Halfway into the above video, Real Time’s Bill Maher made a mockery of Republicans and their predictions of doom and gloom during his New Rules segment this Friday. After slamming Meet the Press for having the likes of Dick Cheney on, Maher ran through a list of their “greatest” hits and claims that the world was going to come to an end if the Kenyan usurper remained in office.
Ed Kilgore thinks this will be a very perilous week for Republicans.
There’s really only one way to say it: the week of September 21, 2015 could be unpleasant for a Republican Party struggling to find its way in the runup to a big, high-stakes election. […]
Over the weekend Trump batted away criticism over his silence in the face of a supporter who loudly insisted in the candidate’s presence that the president is a Muslim born outside the United States (an assertion an alarming percentage of Republicans believe against all evidence). Trump says it’s not his job to defend the hated Obama. Carson is in the spotlight for insisting against the rather explicit language of the U.S. Constitution that there should in fact be a “religious test” for the presidency, barring Muslims. Meanwhile, Fiorina is being besieged by the facts she ignored in her debate presentation—especially with respect to the Planned Parenthood videos she discussed to the delight of Christian Right voters—and by the long-overdue MSM scrutiny of her arguably catastrophic record as CEO of HP, her primary credential for high office (see Jeffrey Sonnenberg’s refutation of her debate remarks about him and her HP tenure).But even as the three zero-experience front-runners lose friends and alienate people, it’s not like the rest of the field is moving on up. One early favorite, Scott Walker, is by all accounts in desperate condition, and having decided to drop everything else to go try to shore up his horrendous standing in Iowa, made a poor impression on his first post-CNN-debate public appearance there.

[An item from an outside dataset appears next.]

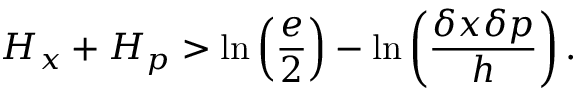<formula> <loc_0><loc_0><loc_500><loc_500>H _ { x } + H _ { p } > \ln \left ( { \frac { e } { 2 } } \right ) - \ln \left ( { \frac { \delta x \delta p } { h } } \right ) .</formula> 
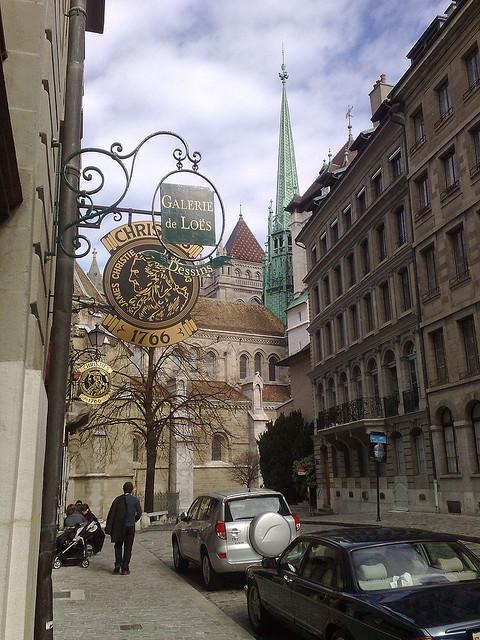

Off the campaign trail, congressional Republicans are snarled in separate yet equally dangerous internal disputes over the extent to which they will court a government shutdown to express unhappiness with the Iran Nuclear Deal—which they strangely consider a big political winner for themselves—and to cut off federal funding for Planned Parenthood. Budget wizard Stan Collender has now raised his estimate of the odds of a government shutdown to 75%. It’s a particularly bad sign that Republicans are already resorting to the tired and notably ineffective tactic ofarguing that it’s Obama who would be shutting down the government by rejecting GOP demands.
If that’s not enough for you, keep in mind the Pope is coming to town this week, and whatever comfort conservatives take from his inevitable condemnation of legalized abortion, he is certain to bring a message on climate change and corporate greed that will make conservative Catholics go a little crazy.